Dans le dénouement je trouve deux choses à éviter, le simple changement de volonté, et la machine. Il n’y a pas grand artifice à finir un poëme, quand celui qui a fait obstacle aux desseins des premiers acteurs, durant quatre actes, en désiste au cinquième, sans aucun événement notable qui l’y oblige : j’en ai parlé au premier Discours[11], et n’y ajouterai rien ici. La machine n’a pas plus d’adresse quand elle ne sert qu’à faire descendre un Dieu pour accommoder toutes choses, sur le point que les acteurs ne savent plus comment les terminer. C’est ainsi qu’Apollon agit dans l’Oreste : ce prince et son ami Pylade, accusés par Tyndare et Ménélas de la mort de Clytemnestre, et condamnés à leur poursuite, se saisissent d’Hélène et d’Hermione : ils tuent ou croient tuer la première, et menacent d’en faire autant de l’autre, si on ne révoque l’arrêt prononcé contre eux. Pour apaiser ces troubles, Euripide ne cherche point d’autre finesse que de faire descendre Apollon du ciel, qui d’autorité absolue ordonne qu’Oreste épouse Hermione, et Pylade Électre ; et de peur que la mort d’Hélène n’y servît d’obstacle, n’y ayant pas d’apparence qu’Hermione épousât Oreste qui venoit de tuer sa mère, il leur apprend qu’elle n’est pas morte, et qu’il l’a dérobée à leurs coups, et enlevée au ciel dans l’instant qu’ils pensoient la tuer. Cette sorte de machine est entièrement hors de propos, n’ayant aucun fondement sur le reste de la pièce, et fait un dénouement vicieux. Mais je trouve un peu de rigueur au sentiment d’Aristote, qui met en même rang le char dont Médée se sert pour s’enfuir de Corinthe après la vengeance qu’elle a prise de Créon. Il me semble que c’en est un assez grand fondement que de l’avoir faite magicienne, et d’en avoir rapporté dans le poëme des actions autant au-dessus des forces de la nature que celle-là. Après ce qu’elle a fait pour Jason à Colchos, après qu’elle a rajeuni son père Éson depuis son retour, après qu’elle a attaché des feux invisibles au présent qu’elle a fait à Créuse, ce char volant n’est point hors de la vraisemblance ; et ce poëme n’a point besoin d’autre préparation pour cet effet extraordinaire. Sénèque lui en donne une par ce vers, que Médée dit à sa nourrice :

Tuum quoque ipsa corpus hinc mecum aveham[12] ;


et moi, par celui-ci qu’elle dit à Egée :

Je vous suivrai demain par un chemin nouveau[13].
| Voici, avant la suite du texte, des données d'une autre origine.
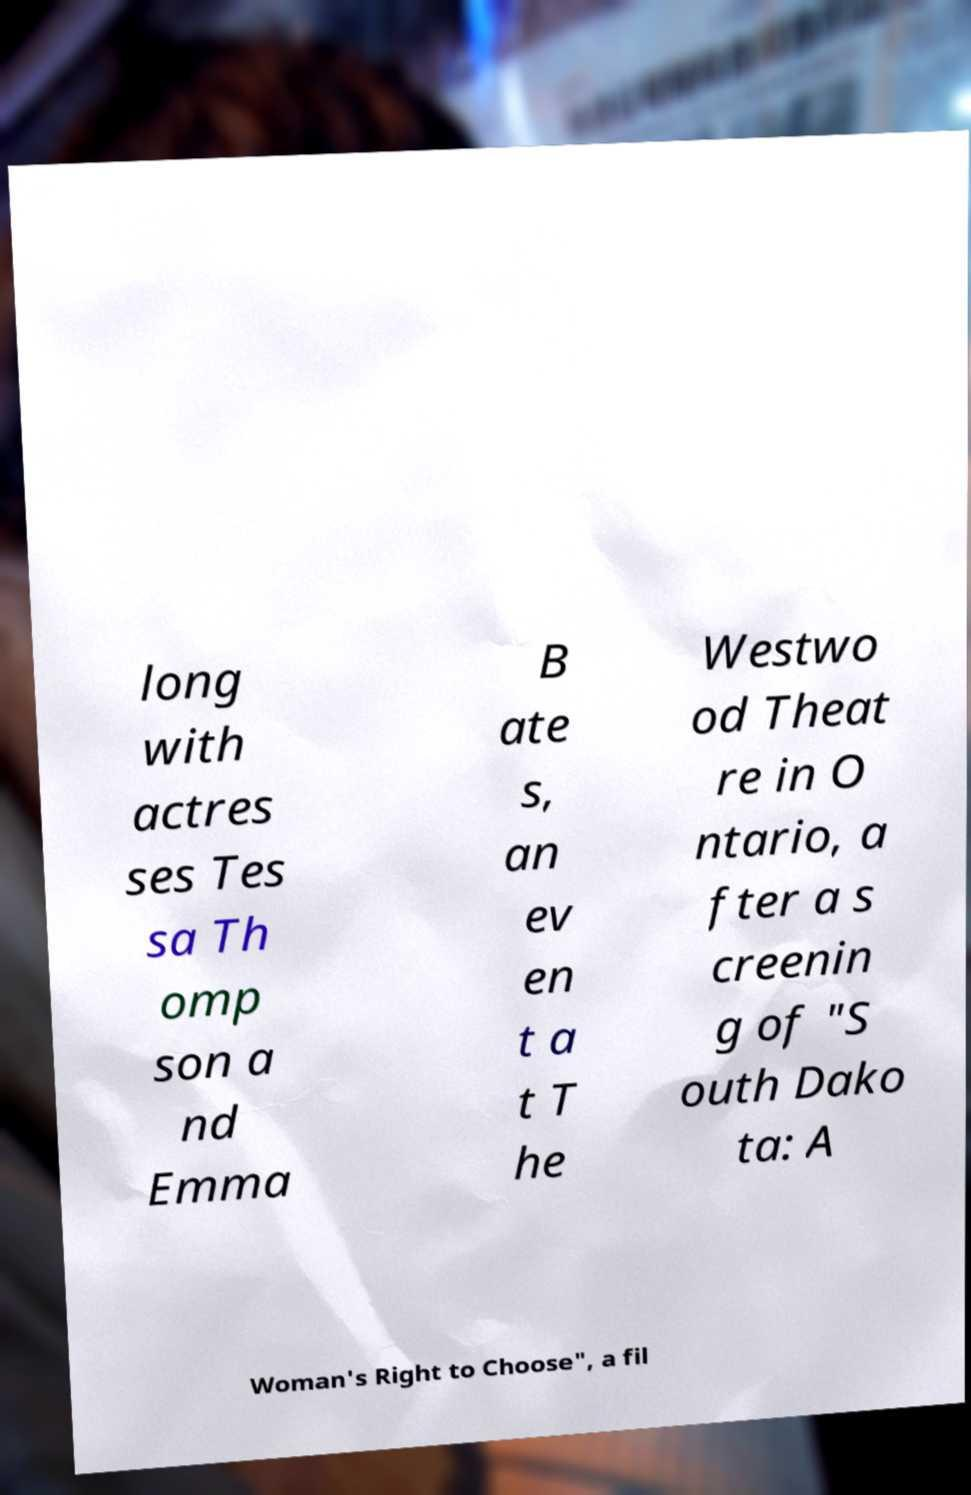Please identify and transcribe the text found in this image. long with actres ses Tes sa Th omp son a nd Emma B ate s, an ev en t a t T he Westwo od Theat re in O ntario, a fter a s creenin g of "S outh Dako ta: A Woman's Right to Choose", a fil 
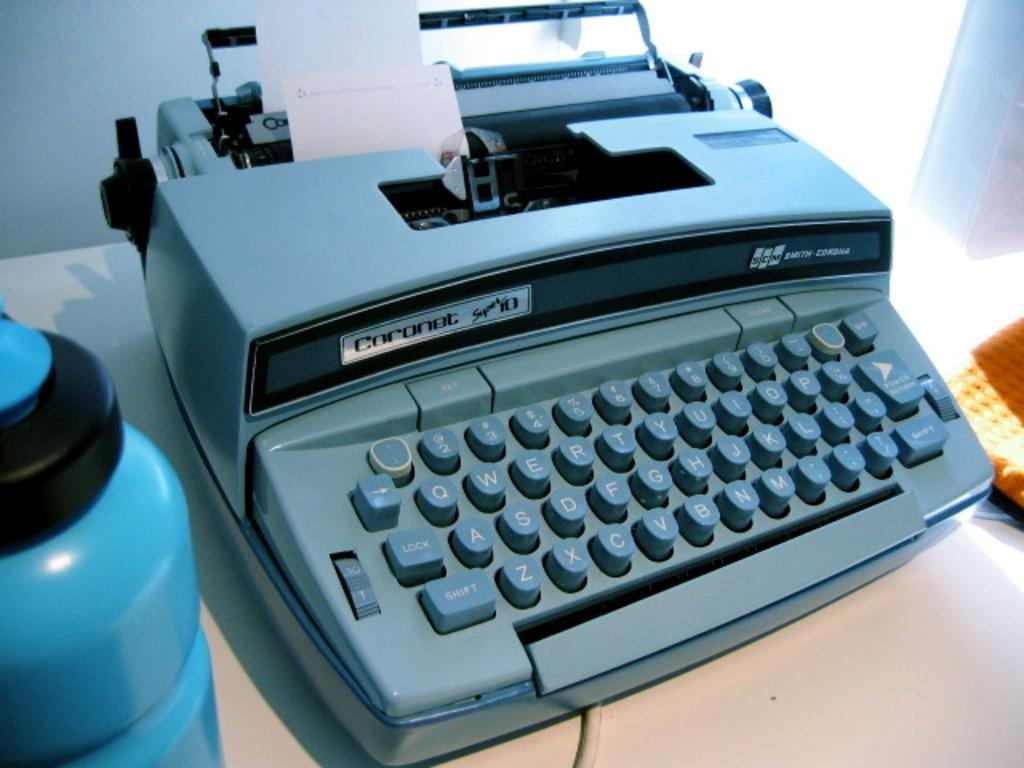<image>
Create a compact narrative representing the image presented. A blue Coronet typewriter loaded with a small strip of paper is on a flat surface. 
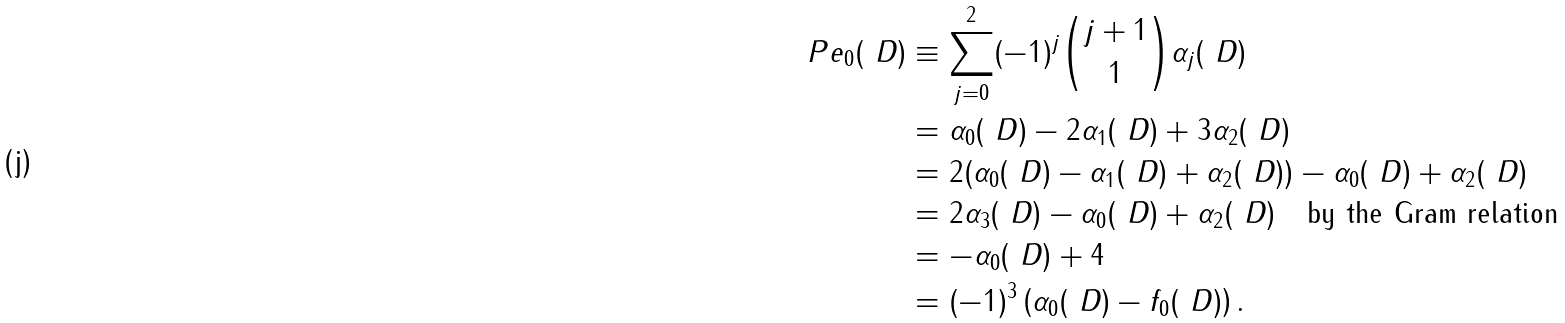<formula> <loc_0><loc_0><loc_500><loc_500>P e _ { 0 } ( \ D ) & \equiv \sum _ { j = 0 } ^ { 2 } ( - 1 ) ^ { j } { j + 1 \choose 1 } \alpha _ { j } ( \ D ) \\ & = \alpha _ { 0 } ( \ D ) - 2 \alpha _ { 1 } ( \ D ) + 3 \alpha _ { 2 } ( \ D ) \\ & = 2 ( \alpha _ { 0 } ( \ D ) - \alpha _ { 1 } ( \ D ) + \alpha _ { 2 } ( \ D ) ) - \alpha _ { 0 } ( \ D ) + \alpha _ { 2 } ( \ D ) \\ & = 2 \alpha _ { 3 } ( \ D ) - \alpha _ { 0 } ( \ D ) + \alpha _ { 2 } ( \ D ) \quad \text {by the Gram relation} \\ & = - \alpha _ { 0 } ( \ D ) + 4 \\ & = ( - 1 ) ^ { 3 } \left ( \alpha _ { 0 } ( \ D ) - f _ { 0 } ( \ D ) \right ) .</formula> 
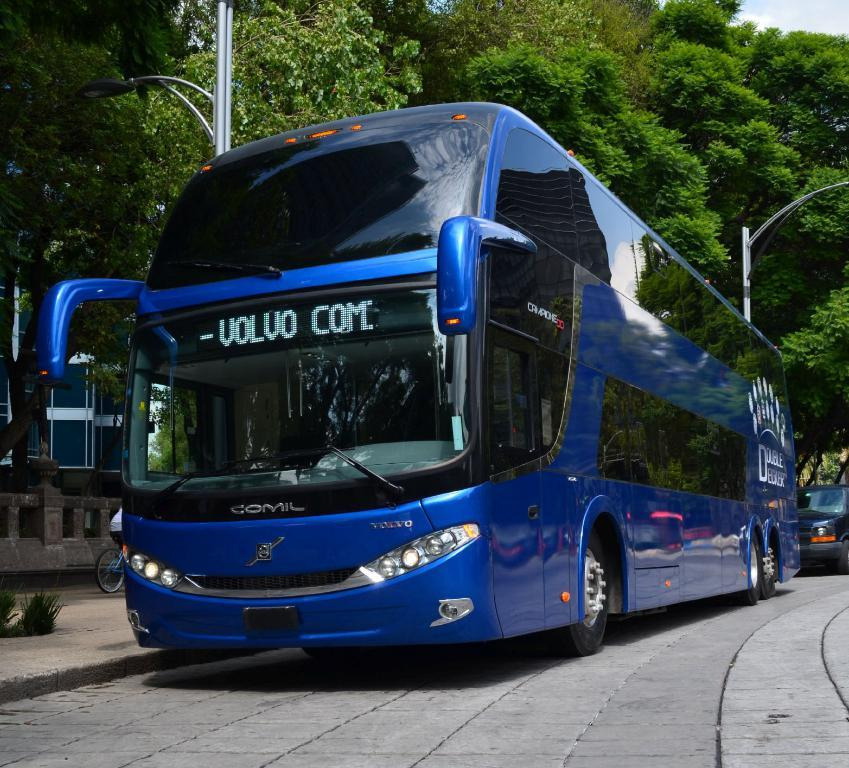What is located in the foreground of the image? There is a road in the foreground of the image. What is the main subject in the middle of the image? There is a big bus in the middle of the image. What color is the bus? The bus is blue in color. What can be seen at the top of the image? There are trees visible at the top of the image. What type of shoe design can be seen on the bus in the image? There are no shoes or shoe designs present on the bus in the image; it is a blue bus with no visible designs. What country is depicted on the flag flying from the bus in the image? There is no flag or country depicted on the bus in the image. 
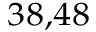<formula> <loc_0><loc_0><loc_500><loc_500>^ { 3 8 , 4 8 }</formula> 
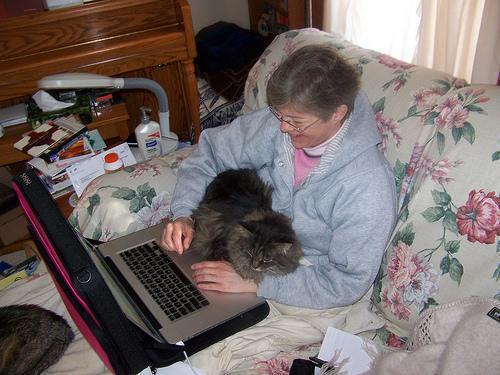How many animals are there?
Give a very brief answer. 2. How many cats are there?
Give a very brief answer. 1. 
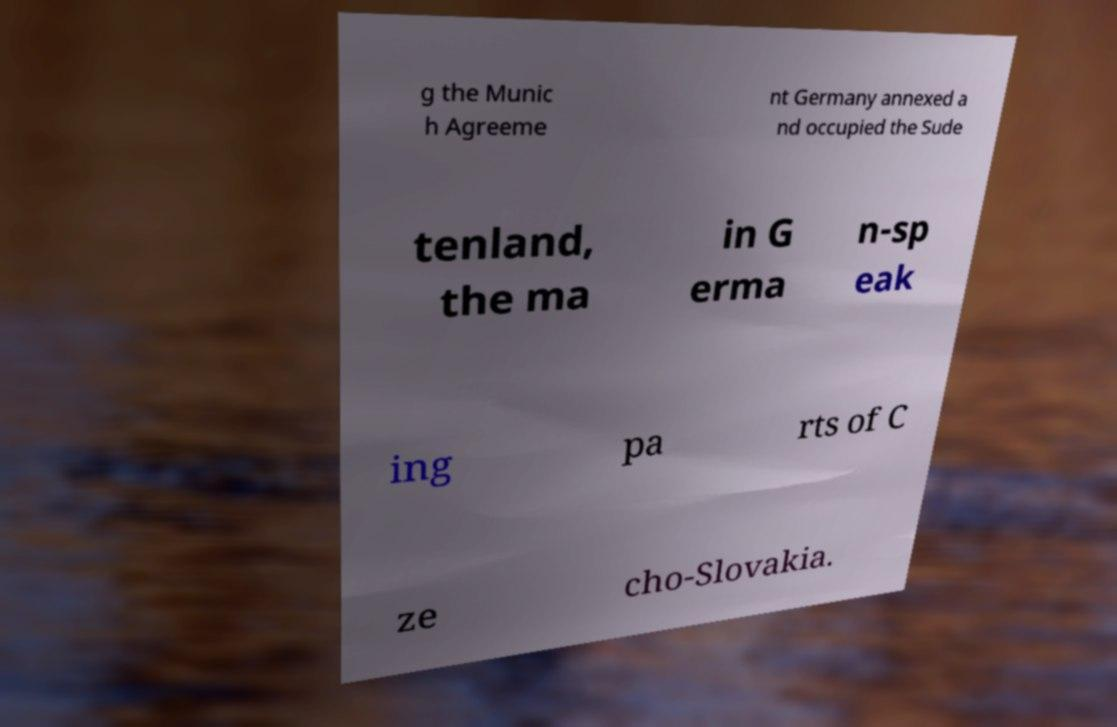For documentation purposes, I need the text within this image transcribed. Could you provide that? g the Munic h Agreeme nt Germany annexed a nd occupied the Sude tenland, the ma in G erma n-sp eak ing pa rts of C ze cho-Slovakia. 
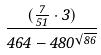Convert formula to latex. <formula><loc_0><loc_0><loc_500><loc_500>\frac { ( \frac { 7 } { 5 1 } \cdot 3 ) } { 4 6 4 - 4 8 0 ^ { \sqrt { 8 6 } } }</formula> 
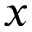Convert formula to latex. <formula><loc_0><loc_0><loc_500><loc_500>x</formula> 
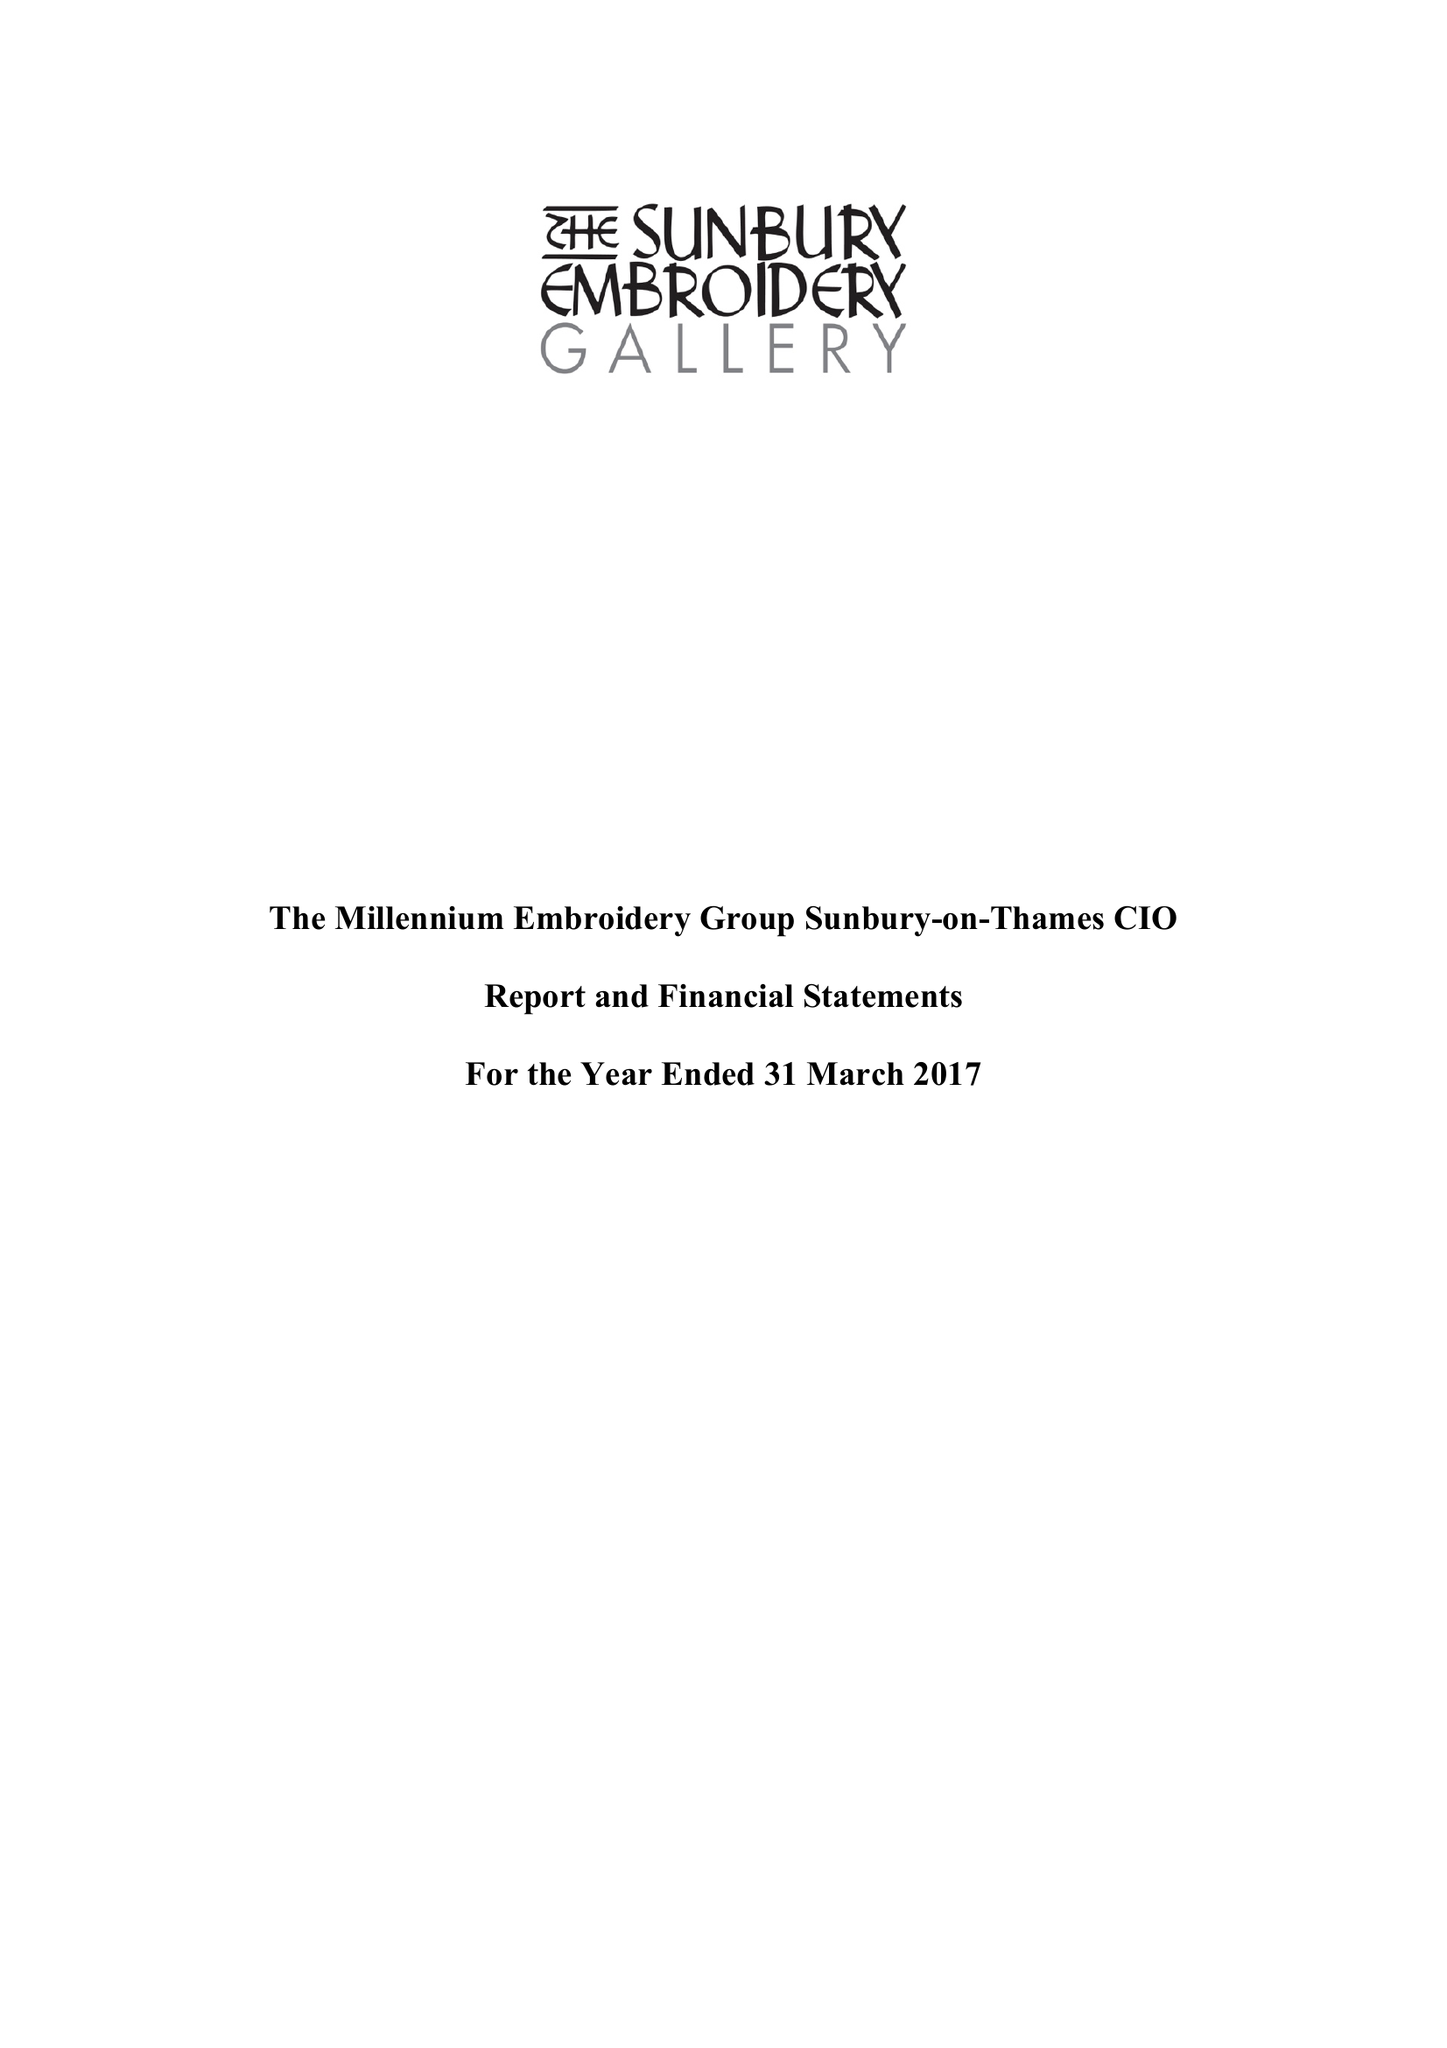What is the value for the income_annually_in_british_pounds?
Answer the question using a single word or phrase. 174560.00

Ainsi la condamnation d’Euripide, qui ne s’y est servi d’aucune précaution, peut être juste, et ne retomber ni sur Sénèque, ni sur moi ; et je n’ai point besoin de contredire Aristote pour me justifier sur cet article.

De l’action je passe aux actes, qui en doivent contenir chacun une portion, mais non pas si égale qu’on n’en réserve plus pour le dernier que pour les autres, et qu’on n’en puisse moins donner au premier qu’aux autres. On peut même ne faire autre chose dans ce premier que[14] peindre les mœurs des personnages, et marquer à quel point ils en sont de l’histoire qu’on va représenter[15]. Aristote n’en prescrit point le nombre ; Horace le borne à cinq ; et bien qu’il défende d’y en mettre moins[16], les Espagnols s’opiniâtrent à l’arrêter à trois, et les Italiens font souvent la même chose. Les Grecs les distinguoient par le chant du chœur, et comme je trouve lieu de croire qu’en quelques-uns de leurs poëmes ils le faisoient chanter plus de quatre fois, je ne voudrois pas répondre qu’ils ne les poussassent jamais au delà de cinq. Cette manière de les distinguer étoit plus incommode que la nôtre ; car ou l’on prêtoit attention à ce que chantoit le chœur, ou l’on n’y en prêtoit point : si l’on y en prêtoit, l’esprit de l’auditeur étoit trop tendu, et n’avoit aucun moment pour se délasser ; si l’on n’y en prétoit point, son attention étoit trop dissipée par la longueur du chant, et lorsqu’un autre acte commençoit, il avoit besoin d’un effort de mémoire pour rappeler en son imagination ce qu’il avoit déjà vu[17], et en quel point l’action étoit demeurée. Nos violons n’ont aucune de ces deux incommodités : l’esprit de l’auditeur se relâche durant qu’ils jouent, et réfléchit même sur ce qu’il a vu, pour le louer ou le blâmer, suivant qu’il lui a plu ou déplu ; et le peu qu’on les laisse jouer lui en laisse les idées si récentes, que quand les acteurs reviennent, il n’a point besoin de se faire d’effort pour rappeler et renouer son attention.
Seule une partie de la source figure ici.